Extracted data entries
****************************************

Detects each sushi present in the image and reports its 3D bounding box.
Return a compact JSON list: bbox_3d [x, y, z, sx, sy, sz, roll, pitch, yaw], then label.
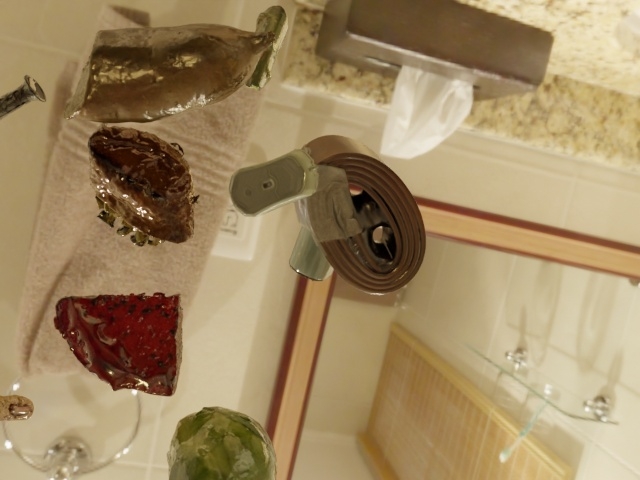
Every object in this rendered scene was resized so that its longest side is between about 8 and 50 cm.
[{"bbox_3d":[-0.356,-0.111,1.109,0.296,0.166,0.179,34,150,-3],"label":"sushi"}]

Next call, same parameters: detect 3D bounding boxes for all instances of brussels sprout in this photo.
[{"bbox_3d":[-0.203,0.444,1.120,0.210,0.219,0.271,-25,-149,-28],"label":"brussels sprout"}]

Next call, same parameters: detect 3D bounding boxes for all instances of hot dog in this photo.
[{"bbox_3d":[-0.773,0.421,1.416,0.047,0.066,0.215,5,161,-2],"label":"hot dog"}]

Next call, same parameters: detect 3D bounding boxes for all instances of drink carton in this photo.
[{"bbox_3d":[0.000,0.000,1.723,0.191,0.189,0.185,26,-144,7],"label":"drink carton"}]

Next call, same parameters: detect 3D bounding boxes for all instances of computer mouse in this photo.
[{"bbox_3d":[-0.073,-0.101,0.970,0.182,0.089,0.056,-18,-174,28],"label":"computer mouse"}]

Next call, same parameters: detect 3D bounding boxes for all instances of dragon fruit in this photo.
[{"bbox_3d":[-0.466,0.195,1.371,0.330,0.240,0.302,23,-173,-12],"label":"dragon fruit"}]

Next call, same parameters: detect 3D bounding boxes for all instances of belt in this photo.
[{"bbox_3d":[0.074,-0.052,1.129,0.338,0.217,0.122,56,-175,-27],"label":"belt"}]

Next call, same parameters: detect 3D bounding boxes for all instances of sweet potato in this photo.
[{"bbox_3d":[-0.251,-0.280,0.943,0.370,0.157,0.158,-5,-175,1],"label":"sweet potato"}]

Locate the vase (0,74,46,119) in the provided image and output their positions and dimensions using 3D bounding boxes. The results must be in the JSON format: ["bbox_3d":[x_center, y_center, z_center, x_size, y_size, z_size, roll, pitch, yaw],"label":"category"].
[{"bbox_3d":[-0.598,-0.245,1.050,0.167,0.059,0.059,-27,-176,3],"label":"vase"}]

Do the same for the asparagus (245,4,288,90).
[{"bbox_3d":[-0.137,-0.448,1.352,0.082,0.342,0.085,21,141,-16],"label":"asparagus"}]
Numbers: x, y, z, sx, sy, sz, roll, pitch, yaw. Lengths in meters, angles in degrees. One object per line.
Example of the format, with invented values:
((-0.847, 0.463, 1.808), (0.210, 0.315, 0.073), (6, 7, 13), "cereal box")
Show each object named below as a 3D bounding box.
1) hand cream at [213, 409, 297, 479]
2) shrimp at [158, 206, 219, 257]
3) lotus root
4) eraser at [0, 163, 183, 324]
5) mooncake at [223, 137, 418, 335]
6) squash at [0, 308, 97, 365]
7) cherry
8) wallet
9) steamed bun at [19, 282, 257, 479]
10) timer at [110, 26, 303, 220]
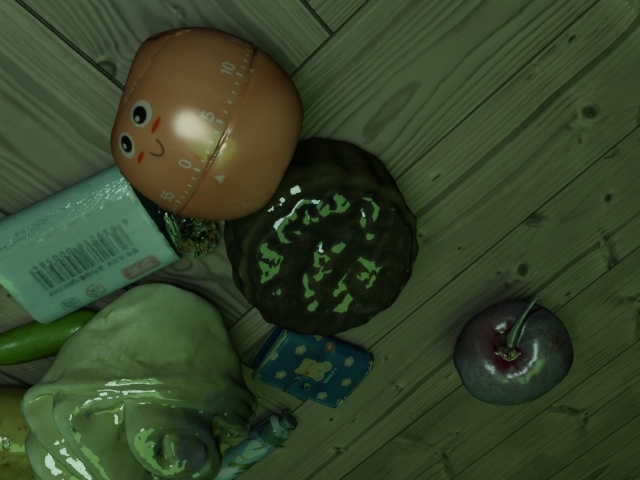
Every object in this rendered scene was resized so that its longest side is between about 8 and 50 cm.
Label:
((-0.150, 0.418, 1.254), (0.256, 0.055, 0.088), (-38, 120, 18), "hand cream")
((-0.198, -0.043, 0.922), (0.034, 0.091, 0.161), (-8, 123, 33), "shrimp")
((-0.515, 0.313, 1.015), (0.284, 0.146, 0.160), (11, 97, -19), "lotus root")
((-0.337, 0.005, 0.907), (0.227, 0.081, 0.174), (-25, 122, 1), "eraser")
((0.000, 0.000, 0.955), (0.290, 0.161, 0.290), (-7, 122, -12), "mooncake")
((-0.431, 0.153, 0.987), (0.201, 0.066, 0.066), (-14, 125, -2), "squash")
((0.357, 0.212, 1.183), (0.213, 0.184, 0.266), (-21, 140, 15), "cherry")
((-0.017, 0.229, 1.159), (0.202, 0.059, 0.141), (26, 114, -29), "wallet")
((-0.242, 0.273, 0.963), (0.352, 0.247, 0.339), (-49, 139, -21), "steamed bun")
((-0.141, -0.140, 0.781), (0.214, 0.230, 0.230), (22, 114, -13), "timer")
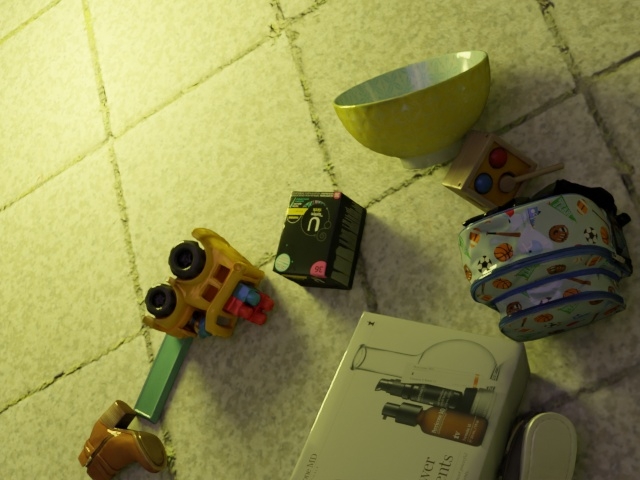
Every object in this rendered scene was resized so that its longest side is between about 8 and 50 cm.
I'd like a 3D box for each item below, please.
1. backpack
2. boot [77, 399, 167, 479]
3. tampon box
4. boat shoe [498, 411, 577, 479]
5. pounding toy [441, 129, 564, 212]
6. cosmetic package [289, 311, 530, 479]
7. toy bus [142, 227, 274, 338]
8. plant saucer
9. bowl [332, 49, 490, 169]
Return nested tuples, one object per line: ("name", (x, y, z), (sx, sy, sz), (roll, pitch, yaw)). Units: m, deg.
("backpack", (0.339, 0.035, 1.651), (0.276, 0.263, 0.213), (-26, 59, 21))
("boot", (-0.392, 0.430, 2.100), (0.152, 0.073, 0.197), (-54, 49, 9))
("tampon box", (0.000, 0.000, 1.988), (0.120, 0.101, 0.161), (2, 73, 34))
("boat shoe", (0.316, 0.411, 1.625), (0.109, 0.091, 0.305), (15, 83, -6))
("pounding toy", (0.312, -0.112, 1.820), (0.130, 0.141, 0.100), (-61, 24, -1))
("cosmetic package", (0.138, 0.309, 1.673), (0.284, 0.097, 0.377), (8, 54, 26))
("toy bus", (-0.204, 0.117, 2.067), (0.211, 0.149, 0.220), (33, 93, 22))
("plant saucer", (-0.319, 0.268, 2.144), (0.067, 0.018, 0.192), (18, 83, 37))
("bowl", (0.180, -0.220, 1.906), (0.289, 0.289, 0.156), (-10, 109, 30))
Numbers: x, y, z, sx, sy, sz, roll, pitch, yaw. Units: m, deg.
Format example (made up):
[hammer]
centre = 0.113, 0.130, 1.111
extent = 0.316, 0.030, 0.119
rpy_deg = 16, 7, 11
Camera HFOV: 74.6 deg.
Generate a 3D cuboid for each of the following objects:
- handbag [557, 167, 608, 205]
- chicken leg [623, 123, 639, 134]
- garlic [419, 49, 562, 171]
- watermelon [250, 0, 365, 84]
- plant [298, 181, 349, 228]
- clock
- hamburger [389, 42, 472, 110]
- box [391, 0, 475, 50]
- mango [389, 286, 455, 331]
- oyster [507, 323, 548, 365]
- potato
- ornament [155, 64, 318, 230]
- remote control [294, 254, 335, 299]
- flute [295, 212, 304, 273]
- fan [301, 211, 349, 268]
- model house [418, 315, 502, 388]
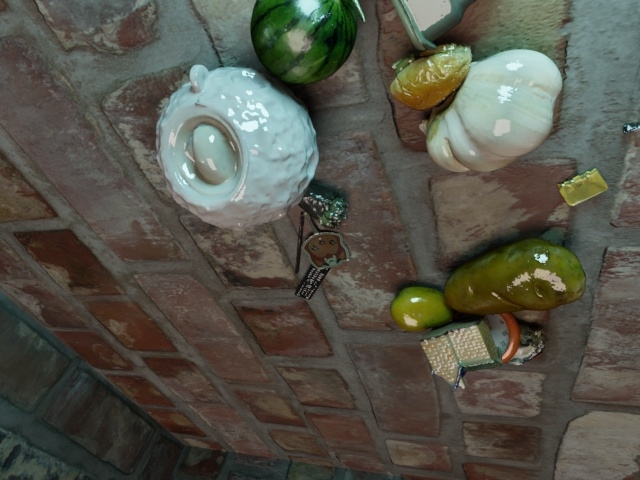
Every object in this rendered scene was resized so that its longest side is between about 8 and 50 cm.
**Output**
[handbag]
centre = 0.583, -0.119, 0.934
extent = 0.061, 0.027, 0.083
rpy_deg = 41, 130, -22
[chicken leg]
centre = 0.658, -0.234, 0.789
extent = 0.062, 0.037, 0.145
rpy_deg = 50, 131, -1
[garlic]
centre = 0.335, -0.221, 0.803
extent = 0.203, 0.185, 0.281
rpy_deg = 12, 138, -17
[watermelon]
centre = -0.024, -0.384, 0.748
extent = 0.188, 0.188, 0.214
rpy_deg = 39, 147, -20
[plant]
centre = 0.010, -0.093, 1.109
extent = 0.143, 0.094, 0.092
rpy_deg = 34, 121, 0
[clock]
centre = 0.493, 0.274, 1.262
extent = 0.051, 0.206, 0.205
rpy_deg = -4, 158, -46
[hamburger]
centre = 0.188, -0.301, 0.788
extent = 0.102, 0.087, 0.176
rpy_deg = -4, 174, -28
[box]
centre = 0.174, -0.463, 0.651
extent = 0.178, 0.138, 0.274
rpy_deg = -24, 123, 30
[mango]
centre = 0.311, 0.211, 1.286
extent = 0.194, 0.138, 0.098
rpy_deg = 4, 178, 9
[oyster]
centre = 0.569, 0.308, 1.326
extent = 0.259, 0.092, 0.198
rpy_deg = 3, 134, 40
[potato]
centre = 0.492, 0.109, 1.110
extent = 0.195, 0.177, 0.369
rpy_deg = 8, 157, -42
[ornament]
centre = -0.167, -0.193, 0.899
extent = 0.336, 0.337, 0.337
rpy_deg = 9, 136, 9
[remote control]
centre = -0.022, 0.122, 1.375
extent = 0.063, 0.025, 0.245
rpy_deg = 24, 136, -7
[flute]
centre = -0.065, 0.015, 1.291
extent = 0.014, 0.014, 0.270
rpy_deg = 13, 136, 5
[fan]
centre = 0.000, 0.000, 1.239
extent = 0.131, 0.009, 0.220
rpy_deg = -20, 123, 15
[model house]
centre = 0.413, 0.322, 1.205
extent = 0.182, 0.166, 0.172
rpy_deg = -27, 80, 34
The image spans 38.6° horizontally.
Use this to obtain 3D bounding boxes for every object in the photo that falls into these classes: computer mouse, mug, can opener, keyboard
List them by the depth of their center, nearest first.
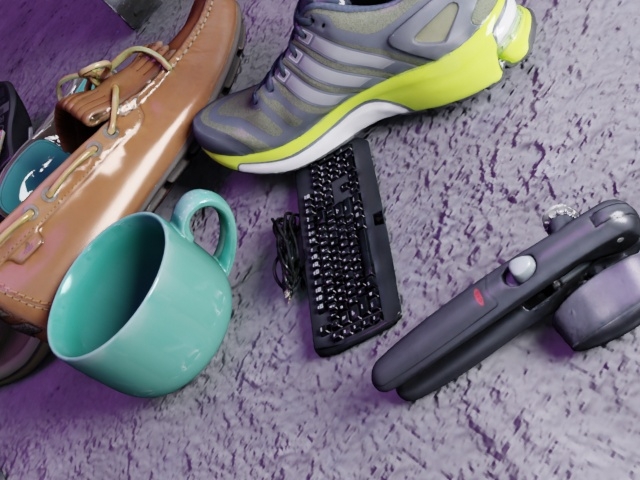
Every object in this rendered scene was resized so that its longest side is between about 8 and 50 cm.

****************************************

What the task asks
Look back at the data above. Transcribe exactly the lines starting at the line that contains "5. pounding toy [441, 129, 564, 212]" and ending at the line that contains "9. bowl [332, 49, 490, 169]".

Solution to this problem
5. pounding toy [441, 129, 564, 212]
6. cosmetic package [289, 311, 530, 479]
7. toy bus [142, 227, 274, 338]
8. plant saucer
9. bowl [332, 49, 490, 169]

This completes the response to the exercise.